MATERIAL SHOWN
•••••

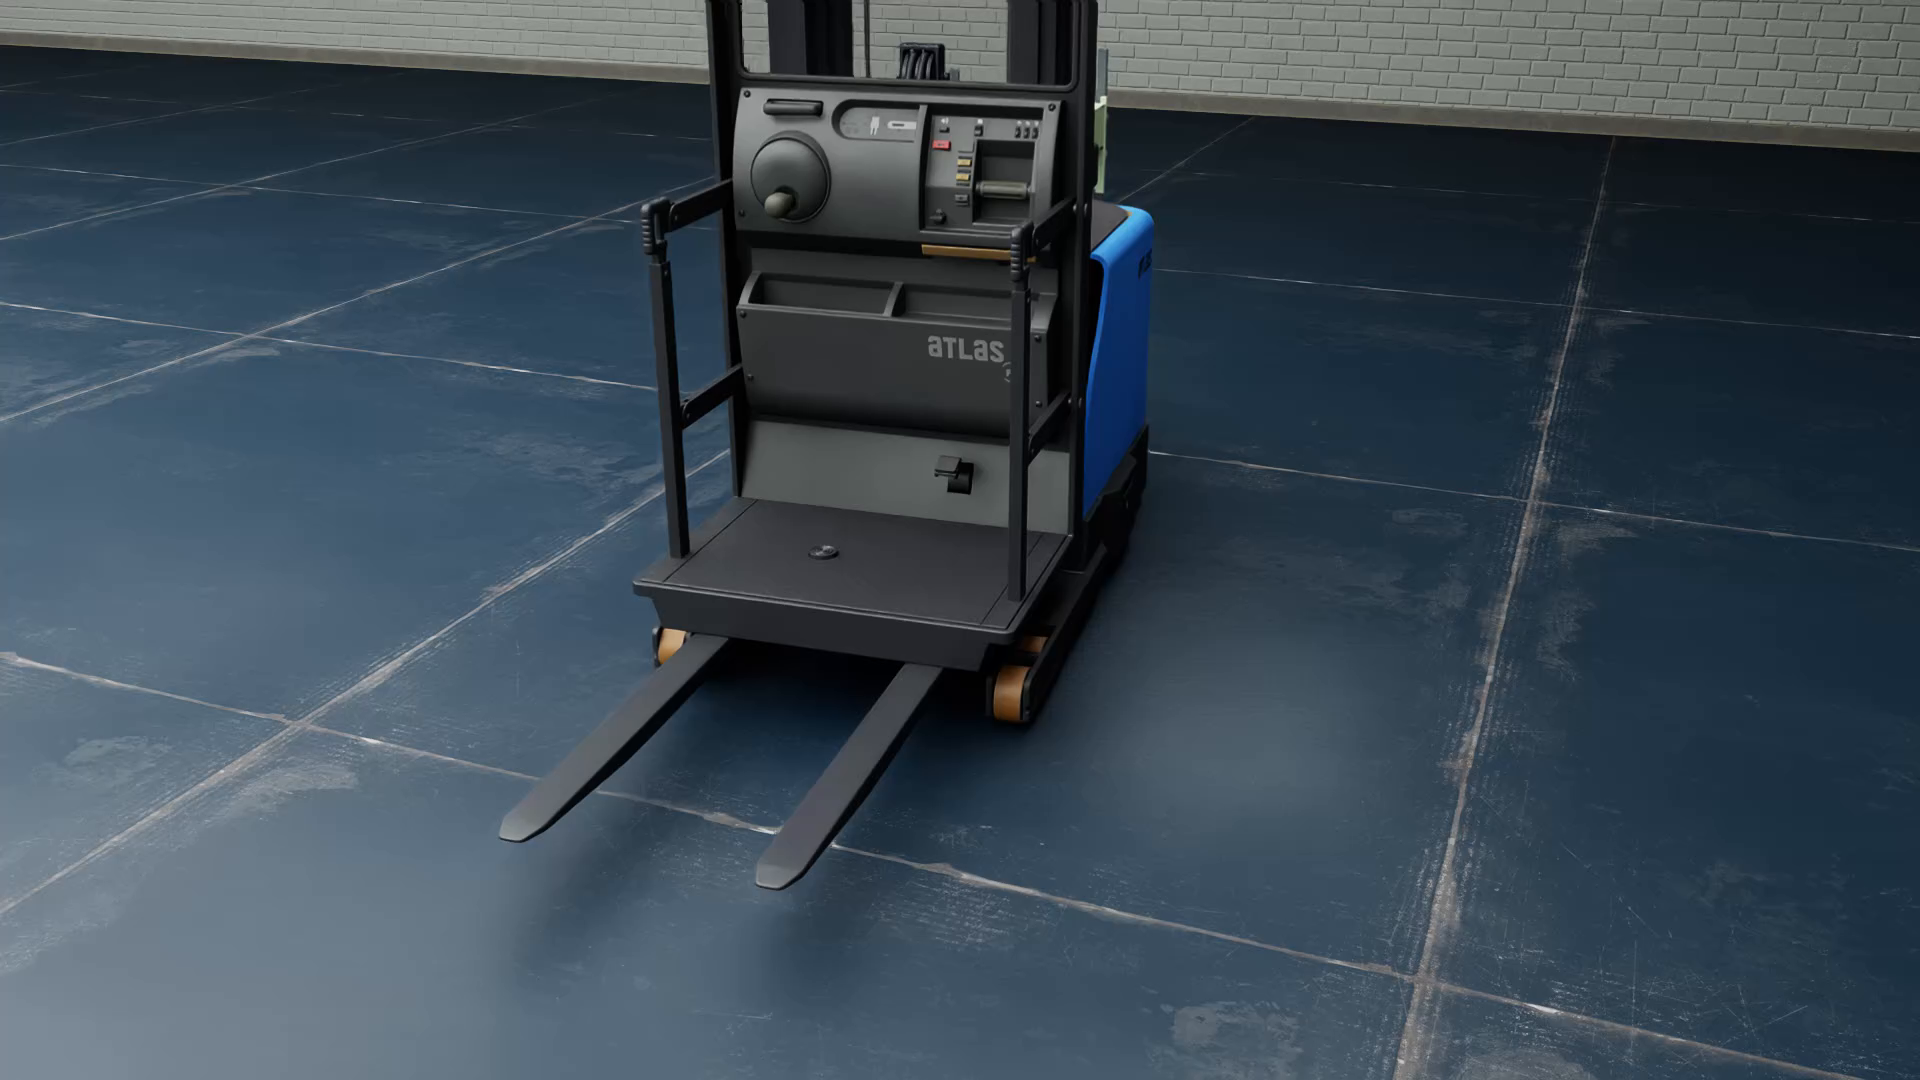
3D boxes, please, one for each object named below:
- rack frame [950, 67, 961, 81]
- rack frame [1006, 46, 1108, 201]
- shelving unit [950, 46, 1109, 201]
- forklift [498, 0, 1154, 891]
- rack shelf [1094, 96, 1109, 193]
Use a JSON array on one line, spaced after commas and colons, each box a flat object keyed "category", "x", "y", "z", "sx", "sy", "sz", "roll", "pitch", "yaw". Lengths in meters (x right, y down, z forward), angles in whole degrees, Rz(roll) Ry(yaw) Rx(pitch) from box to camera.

•••••

EXERCISE PROMPT
Only the text of the listing above should be copied, exactly and with pictures left out.

SOLVED PROBLEM
3D boxes, please, one for each object named below:
- rack frame [950, 67, 961, 81]
- rack frame [1006, 46, 1108, 201]
- shelving unit [950, 46, 1109, 201]
- forklift [498, 0, 1154, 891]
- rack shelf [1094, 96, 1109, 193]
Use a JSON array on one line, spaced after commas and colons, each box a flat object keyed "category", "x", "y", "z", "sx", "sy", "sz", "roll", "pitch", "yaw". Lengths in meters (x right, y down, z forward), angles in whole degrees, Rz(roll) Ry(yaw) Rx(pitch) from box to camera.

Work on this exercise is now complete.